Thanks, all. Rosencranz, his dad was an alcoholic, they moved a lot, and thought they were oh so special. His mom actually told me he had the best of everything, and the ex told me he was born with a silver spoon in his mouth. They were upper middle class, living on credit. They had no friends, just people they "helped" and told about, and people they sought and adored with more money than they had. The no friends was the first thing I noticed, as I come from a blue collar, rural, nonmobile family, and friends and their support was very important to us. He was an only child, his mother was intrusive and controlling; she actually opened and read our mail.
This story might explain. They gave us a chest freezer. We were moving away (from them), and so called and asked if they wanted it. They said sell it, I said how big should I say in the ad? They said they had no idea. So I measured it and advertised it as having the cubic feet a freezer from a catalog with similar dimensions had. They called furious. It was not ** feet, it was at least ***** feet. Which was impossible. Everything they had was the best and endlessly talked about. I think the Ex was the best, because he was their child.

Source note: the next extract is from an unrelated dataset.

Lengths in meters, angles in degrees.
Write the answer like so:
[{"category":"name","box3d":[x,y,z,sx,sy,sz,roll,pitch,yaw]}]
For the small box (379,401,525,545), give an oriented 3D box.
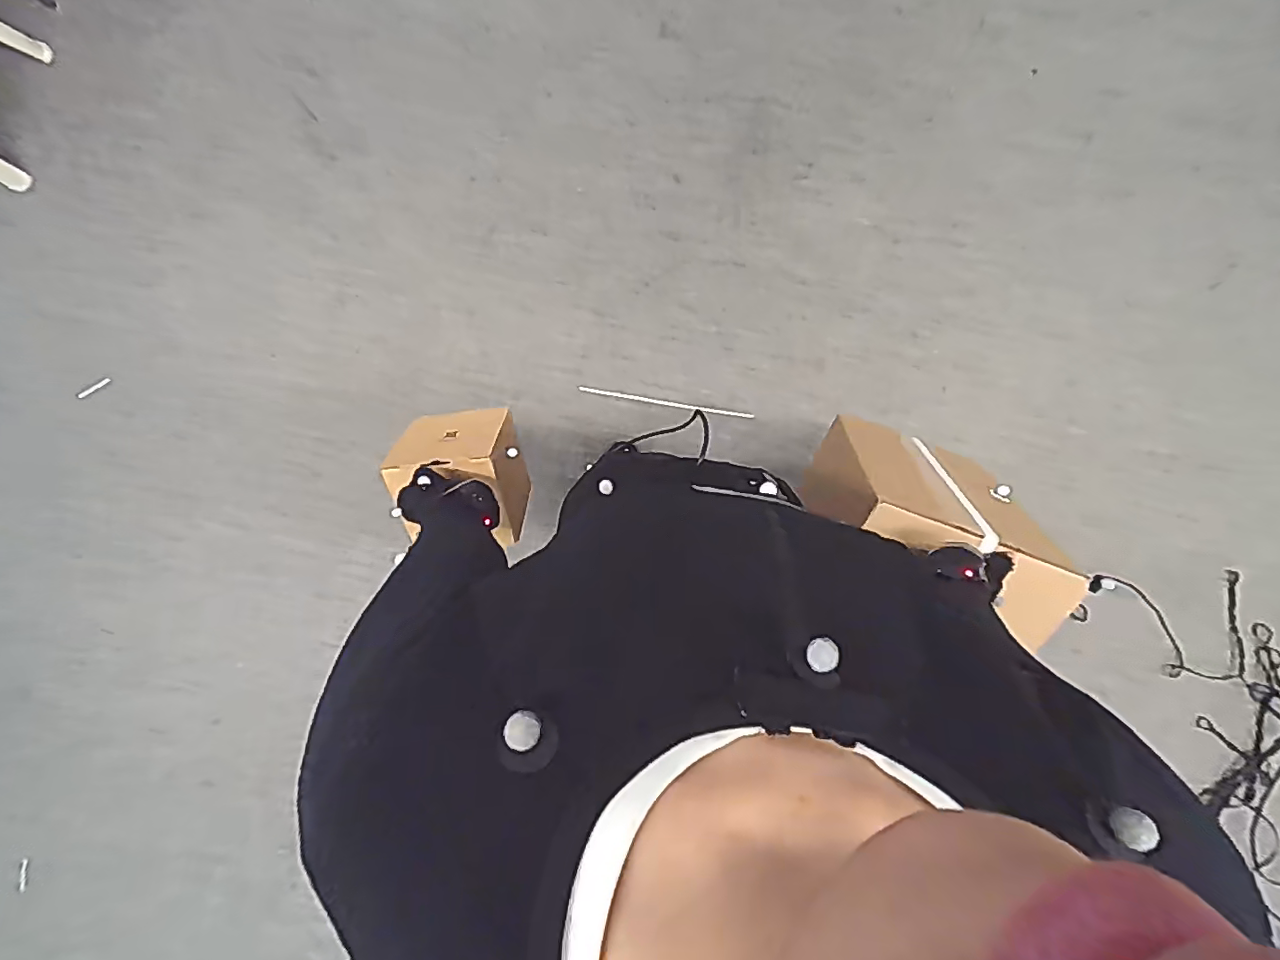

Yes, he was fully aware of his secret life, but could disassociate to the extent that when not directly confronted with evidence, I think he almost believed his lies. He is a compulsive liar, lying just for the sake of lying, even when it will eventually hurt him or when there is no reason for it. He denied and denied the car, for example, but in divorce property mediation he was trying to argue about every little thing, so I quickly brought up the car, and he saw I was ready to bring it all up, with documentation. So he backed off immediately. I'm guessing he hadn't even told his attny, and didn't want evidence he was so slimy. He feels entirely justified, but, just like with the smashed finger, there are these self-preserving insights that keep him from going too far.
Paul Mullen, a researcher in Australia, treats stalkers. I'm not remembering exactly what he had found, and don't have time to look it up right now, but there is indication of a higher rate of cluster B than the average criminal, if I remember right. I'll have to check. Anyway, there are suggestions we will find higher N, borderline, and histrionic disorders in stalkers.
He is vengeful and rages inwardly, showing a cold, icy exterior. He was angry at me for three days when I was in the hospital and sick at the birth of our son. He was angry because I had gone into labor early, and plans had to be changed. Also, because my son and I were sick, the cost was much higher. What is ironic is that my dad paid the bill.
He is in a bad place - waiting tables at 56 with a BA, lost four jobs in the last four years since we split, has had a concealed weapons permit since 1989, unbeknownst to me until two years ago, and had a total of 4 PO Boxes, one in the next town. I don't know what all he is into.
I believe the secret life made him feel important, in control, and all powerful. I think that's also what he gets from stalking me. Which is ironic, because he's letting it control him. But that doesn't do me any good.
I hope I answered all questions. Thanks again.